▶ ASSIGNED TASK
Restate the entries word for word, leaving nothing out.

▶ AVAILABLE DATA
%%
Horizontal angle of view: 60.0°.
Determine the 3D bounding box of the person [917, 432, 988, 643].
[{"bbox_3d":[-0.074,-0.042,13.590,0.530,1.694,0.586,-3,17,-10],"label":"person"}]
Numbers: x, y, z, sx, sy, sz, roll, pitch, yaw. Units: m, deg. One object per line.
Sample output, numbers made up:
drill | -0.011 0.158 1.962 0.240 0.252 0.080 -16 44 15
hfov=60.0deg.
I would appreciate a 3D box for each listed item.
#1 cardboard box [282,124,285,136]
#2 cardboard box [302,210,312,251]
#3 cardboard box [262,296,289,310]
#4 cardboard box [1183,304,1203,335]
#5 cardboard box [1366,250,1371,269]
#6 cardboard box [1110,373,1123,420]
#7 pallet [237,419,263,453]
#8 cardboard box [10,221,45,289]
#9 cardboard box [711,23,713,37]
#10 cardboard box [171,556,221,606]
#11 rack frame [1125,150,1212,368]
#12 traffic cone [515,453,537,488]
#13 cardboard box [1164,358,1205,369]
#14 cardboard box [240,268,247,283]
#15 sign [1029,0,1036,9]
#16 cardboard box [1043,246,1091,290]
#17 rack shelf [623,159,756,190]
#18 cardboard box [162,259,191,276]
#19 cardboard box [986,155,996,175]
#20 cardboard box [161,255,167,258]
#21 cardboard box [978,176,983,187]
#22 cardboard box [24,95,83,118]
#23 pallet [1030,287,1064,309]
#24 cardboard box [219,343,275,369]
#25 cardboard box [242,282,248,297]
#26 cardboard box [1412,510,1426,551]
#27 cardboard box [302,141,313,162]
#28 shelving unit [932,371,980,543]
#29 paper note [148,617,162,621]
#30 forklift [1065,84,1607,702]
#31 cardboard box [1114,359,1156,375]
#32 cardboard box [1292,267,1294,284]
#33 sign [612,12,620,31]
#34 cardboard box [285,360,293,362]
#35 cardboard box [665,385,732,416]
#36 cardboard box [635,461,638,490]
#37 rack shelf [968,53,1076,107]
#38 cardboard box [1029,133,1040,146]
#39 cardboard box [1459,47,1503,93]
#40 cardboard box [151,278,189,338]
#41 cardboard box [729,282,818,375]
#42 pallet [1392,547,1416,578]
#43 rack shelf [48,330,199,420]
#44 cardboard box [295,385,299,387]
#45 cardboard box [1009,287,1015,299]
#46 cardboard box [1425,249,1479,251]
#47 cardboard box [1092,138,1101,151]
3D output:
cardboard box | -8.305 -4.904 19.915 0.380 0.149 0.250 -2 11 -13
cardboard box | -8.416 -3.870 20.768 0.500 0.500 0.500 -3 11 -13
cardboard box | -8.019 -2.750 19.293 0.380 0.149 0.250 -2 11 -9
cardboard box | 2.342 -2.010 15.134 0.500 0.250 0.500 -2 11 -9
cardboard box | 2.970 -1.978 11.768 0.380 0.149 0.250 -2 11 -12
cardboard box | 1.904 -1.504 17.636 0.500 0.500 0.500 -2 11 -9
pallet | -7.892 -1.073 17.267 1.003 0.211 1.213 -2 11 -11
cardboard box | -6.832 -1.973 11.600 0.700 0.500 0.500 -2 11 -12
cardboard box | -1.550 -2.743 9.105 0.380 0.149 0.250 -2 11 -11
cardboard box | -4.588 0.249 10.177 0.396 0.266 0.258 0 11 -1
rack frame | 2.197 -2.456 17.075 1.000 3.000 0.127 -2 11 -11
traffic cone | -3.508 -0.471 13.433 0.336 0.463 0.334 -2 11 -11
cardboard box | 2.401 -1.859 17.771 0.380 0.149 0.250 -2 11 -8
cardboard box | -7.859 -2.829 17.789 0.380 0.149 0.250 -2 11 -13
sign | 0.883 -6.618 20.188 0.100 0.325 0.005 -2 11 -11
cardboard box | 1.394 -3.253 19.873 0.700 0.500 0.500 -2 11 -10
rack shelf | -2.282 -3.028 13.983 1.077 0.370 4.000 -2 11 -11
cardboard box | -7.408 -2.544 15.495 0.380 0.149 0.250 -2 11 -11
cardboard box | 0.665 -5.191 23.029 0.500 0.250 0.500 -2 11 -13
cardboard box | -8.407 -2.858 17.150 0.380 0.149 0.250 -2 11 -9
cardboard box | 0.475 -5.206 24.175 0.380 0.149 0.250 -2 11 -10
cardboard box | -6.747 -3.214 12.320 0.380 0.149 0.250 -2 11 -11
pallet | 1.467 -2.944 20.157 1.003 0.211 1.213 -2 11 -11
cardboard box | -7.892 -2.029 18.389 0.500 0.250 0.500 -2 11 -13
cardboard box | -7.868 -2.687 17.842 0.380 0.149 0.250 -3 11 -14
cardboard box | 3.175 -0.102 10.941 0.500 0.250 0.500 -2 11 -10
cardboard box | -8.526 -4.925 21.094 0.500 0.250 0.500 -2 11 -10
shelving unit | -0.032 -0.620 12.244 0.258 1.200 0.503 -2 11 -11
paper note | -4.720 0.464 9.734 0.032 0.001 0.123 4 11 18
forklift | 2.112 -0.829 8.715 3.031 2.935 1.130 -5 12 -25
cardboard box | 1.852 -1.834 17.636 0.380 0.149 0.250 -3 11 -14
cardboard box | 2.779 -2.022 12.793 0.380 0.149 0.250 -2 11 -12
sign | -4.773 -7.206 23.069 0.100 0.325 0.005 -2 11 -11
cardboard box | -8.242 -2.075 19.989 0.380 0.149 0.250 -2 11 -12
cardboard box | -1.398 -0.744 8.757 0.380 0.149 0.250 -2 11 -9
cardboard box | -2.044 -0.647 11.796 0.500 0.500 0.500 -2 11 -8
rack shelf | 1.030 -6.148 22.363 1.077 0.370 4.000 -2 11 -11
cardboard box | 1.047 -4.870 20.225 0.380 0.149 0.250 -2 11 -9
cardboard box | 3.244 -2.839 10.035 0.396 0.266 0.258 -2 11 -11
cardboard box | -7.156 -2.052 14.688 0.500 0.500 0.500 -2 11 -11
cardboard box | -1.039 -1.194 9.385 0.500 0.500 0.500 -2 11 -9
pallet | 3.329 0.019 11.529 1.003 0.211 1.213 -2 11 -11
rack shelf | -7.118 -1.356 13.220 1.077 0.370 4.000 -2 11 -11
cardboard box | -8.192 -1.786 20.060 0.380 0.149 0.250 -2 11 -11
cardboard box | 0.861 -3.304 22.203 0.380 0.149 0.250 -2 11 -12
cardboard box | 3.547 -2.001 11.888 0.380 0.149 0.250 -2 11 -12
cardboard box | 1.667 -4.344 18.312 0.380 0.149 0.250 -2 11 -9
%%
▶ TASK RESPONSE
Horizontal angle of view: 60.0°.
Determine the 3D bounding box of the person [917, 432, 988, 643].
[{"bbox_3d":[-0.074,-0.042,13.590,0.530,1.694,0.586,-3,17,-10],"label":"person"}]
Numbers: x, y, z, sx, sy, sz, roll, pitch, yaw. Units: m, deg. One object per line.
Sample output, numbers made up:
drill | -0.011 0.158 1.962 0.240 0.252 0.080 -16 44 15
hfov=60.0deg.
I would appreciate a 3D box for each listed item.
#1 cardboard box [282,124,285,136]
#2 cardboard box [302,210,312,251]
#3 cardboard box [262,296,289,310]
#4 cardboard box [1183,304,1203,335]
#5 cardboard box [1366,250,1371,269]
#6 cardboard box [1110,373,1123,420]
#7 pallet [237,419,263,453]
#8 cardboard box [10,221,45,289]
#9 cardboard box [711,23,713,37]
#10 cardboard box [171,556,221,606]
#11 rack frame [1125,150,1212,368]
#12 traffic cone [515,453,537,488]
#13 cardboard box [1164,358,1205,369]
#14 cardboard box [240,268,247,283]
#15 sign [1029,0,1036,9]
#16 cardboard box [1043,246,1091,290]
#17 rack shelf [623,159,756,190]
#18 cardboard box [162,259,191,276]
#19 cardboard box [986,155,996,175]
#20 cardboard box [161,255,167,258]
#21 cardboard box [978,176,983,187]
#22 cardboard box [24,95,83,118]
#23 pallet [1030,287,1064,309]
#24 cardboard box [219,343,275,369]
#25 cardboard box [242,282,248,297]
#26 cardboard box [1412,510,1426,551]
#27 cardboard box [302,141,313,162]
#28 shelving unit [932,371,980,543]
#29 paper note [148,617,162,621]
#30 forklift [1065,84,1607,702]
#31 cardboard box [1114,359,1156,375]
#32 cardboard box [1292,267,1294,284]
#33 sign [612,12,620,31]
#34 cardboard box [285,360,293,362]
#35 cardboard box [665,385,732,416]
#36 cardboard box [635,461,638,490]
#37 rack shelf [968,53,1076,107]
#38 cardboard box [1029,133,1040,146]
#39 cardboard box [1459,47,1503,93]
#40 cardboard box [151,278,189,338]
#41 cardboard box [729,282,818,375]
#42 pallet [1392,547,1416,578]
#43 rack shelf [48,330,199,420]
#44 cardboard box [295,385,299,387]
#45 cardboard box [1009,287,1015,299]
#46 cardboard box [1425,249,1479,251]
#47 cardboard box [1092,138,1101,151]
3D output:
cardboard box | -8.305 -4.904 19.915 0.380 0.149 0.250 -2 11 -13
cardboard box | -8.416 -3.870 20.768 0.500 0.500 0.500 -3 11 -13
cardboard box | -8.019 -2.750 19.293 0.380 0.149 0.250 -2 11 -9
cardboard box | 2.342 -2.010 15.134 0.500 0.250 0.500 -2 11 -9
cardboard box | 2.970 -1.978 11.768 0.380 0.149 0.250 -2 11 -12
cardboard box | 1.904 -1.504 17.636 0.500 0.500 0.500 -2 11 -9
pallet | -7.892 -1.073 17.267 1.003 0.211 1.213 -2 11 -11
cardboard box | -6.832 -1.973 11.600 0.700 0.500 0.500 -2 11 -12
cardboard box | -1.550 -2.743 9.105 0.380 0.149 0.250 -2 11 -11
cardboard box | -4.588 0.249 10.177 0.396 0.266 0.258 0 11 -1
rack frame | 2.197 -2.456 17.075 1.000 3.000 0.127 -2 11 -11
traffic cone | -3.508 -0.471 13.433 0.336 0.463 0.334 -2 11 -11
cardboard box | 2.401 -1.859 17.771 0.380 0.149 0.250 -2 11 -8
cardboard box | -7.859 -2.829 17.789 0.380 0.149 0.250 -2 11 -13
sign | 0.883 -6.618 20.188 0.100 0.325 0.005 -2 11 -11
cardboard box | 1.394 -3.253 19.873 0.700 0.500 0.500 -2 11 -10
rack shelf | -2.282 -3.028 13.983 1.077 0.370 4.000 -2 11 -11
cardboard box | -7.408 -2.544 15.495 0.380 0.149 0.250 -2 11 -11
cardboard box | 0.665 -5.191 23.029 0.500 0.250 0.500 -2 11 -13
cardboard box | -8.407 -2.858 17.150 0.380 0.149 0.250 -2 11 -9
cardboard box | 0.475 -5.206 24.175 0.380 0.149 0.250 -2 11 -10
cardboard box | -6.747 -3.214 12.320 0.380 0.149 0.250 -2 11 -11
pallet | 1.467 -2.944 20.157 1.003 0.211 1.213 -2 11 -11
cardboard box | -7.892 -2.029 18.389 0.500 0.250 0.500 -2 11 -13
cardboard box | -7.868 -2.687 17.842 0.380 0.149 0.250 -3 11 -14
cardboard box | 3.175 -0.102 10.941 0.500 0.250 0.500 -2 11 -10
cardboard box | -8.526 -4.925 21.094 0.500 0.250 0.500 -2 11 -10
shelving unit | -0.032 -0.620 12.244 0.258 1.200 0.503 -2 11 -11
paper note | -4.720 0.464 9.734 0.032 0.001 0.123 4 11 18
forklift | 2.112 -0.829 8.715 3.031 2.935 1.130 -5 12 -25
cardboard box | 1.852 -1.834 17.636 0.380 0.149 0.250 -3 11 -14
cardboard box | 2.779 -2.022 12.793 0.380 0.149 0.250 -2 11 -12
sign | -4.773 -7.206 23.069 0.100 0.325 0.005 -2 11 -11
cardboard box | -8.242 -2.075 19.989 0.380 0.149 0.250 -2 11 -12
cardboard box | -1.398 -0.744 8.757 0.380 0.149 0.250 -2 11 -9
cardboard box | -2.044 -0.647 11.796 0.500 0.500 0.500 -2 11 -8
rack shelf | 1.030 -6.148 22.363 1.077 0.370 4.000 -2 11 -11
cardboard box | 1.047 -4.870 20.225 0.380 0.149 0.250 -2 11 -9
cardboard box | 3.244 -2.839 10.035 0.396 0.266 0.258 -2 11 -11
cardboard box | -7.156 -2.052 14.688 0.500 0.500 0.500 -2 11 -11
cardboard box | -1.039 -1.194 9.385 0.500 0.500 0.500 -2 11 -9
pallet | 3.329 0.019 11.529 1.003 0.211 1.213 -2 11 -11
rack shelf | -7.118 -1.356 13.220 1.077 0.370 4.000 -2 11 -11
cardboard box | -8.192 -1.786 20.060 0.380 0.149 0.250 -2 11 -11
cardboard box | 0.861 -3.304 22.203 0.380 0.149 0.250 -2 11 -12
cardboard box | 3.547 -2.001 11.888 0.380 0.149 0.250 -2 11 -12
cardboard box | 1.667 -4.344 18.312 0.380 0.149 0.250 -2 11 -9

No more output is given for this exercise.